Is that a real question? Is this girl dissociating? “You are indeed.”

“They’ll be here soon,” says Amy. “Then you’ll know.”

“Know what?”

Amy’s lip curls. “The truth.”

Okay. This is going to be a long shift, Renly. Just as well you perfected apathy in your teens. Indifference is your middle name. Well, actually it’s Barbarella. But the point is, Chocolat was very clear about what was expected and it all boils down to ignoring everything weird that happens in this place. You can do that. You’re good at not caring. You’ve worked in retail before.

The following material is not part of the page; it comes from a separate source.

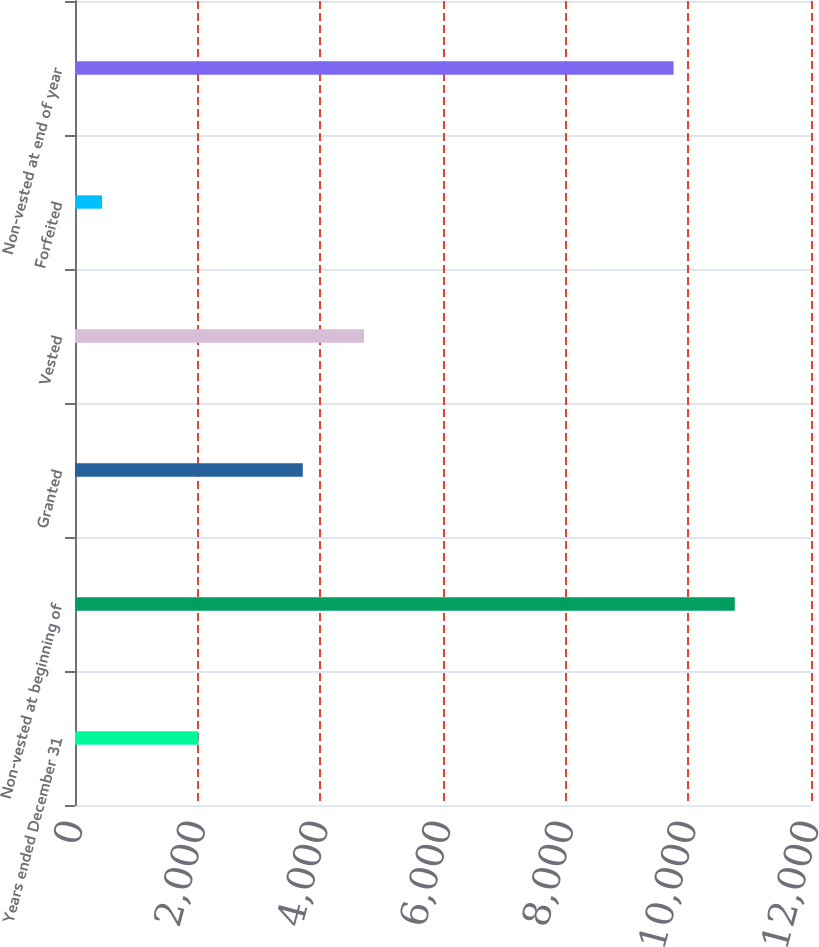Convert chart. <chart><loc_0><loc_0><loc_500><loc_500><bar_chart><fcel>Years ended December 31<fcel>Non-vested at beginning of<fcel>Granted<fcel>Vested<fcel>Forfeited<fcel>Non-vested at end of year<nl><fcel>2013<fcel>10758<fcel>3714<fcel>4713<fcel>442<fcel>9759<nl></chart>

Still, Chocolat had been very insistent, in an odd, vaguely manic and very smiley way. “The Red Nebula is our most popular interstellar feed,” she’d told you that five times on the first shift. “We have showings every other day. We sell all-day tickets and send in the drones to deliver refreshments. Gene – you’ll meet him soon – he’s in charge of cleaning the viewing room once the patrons leave. You can imagine, after sixteen hours, things get a bit messy.” Chocolat grimaced delicately.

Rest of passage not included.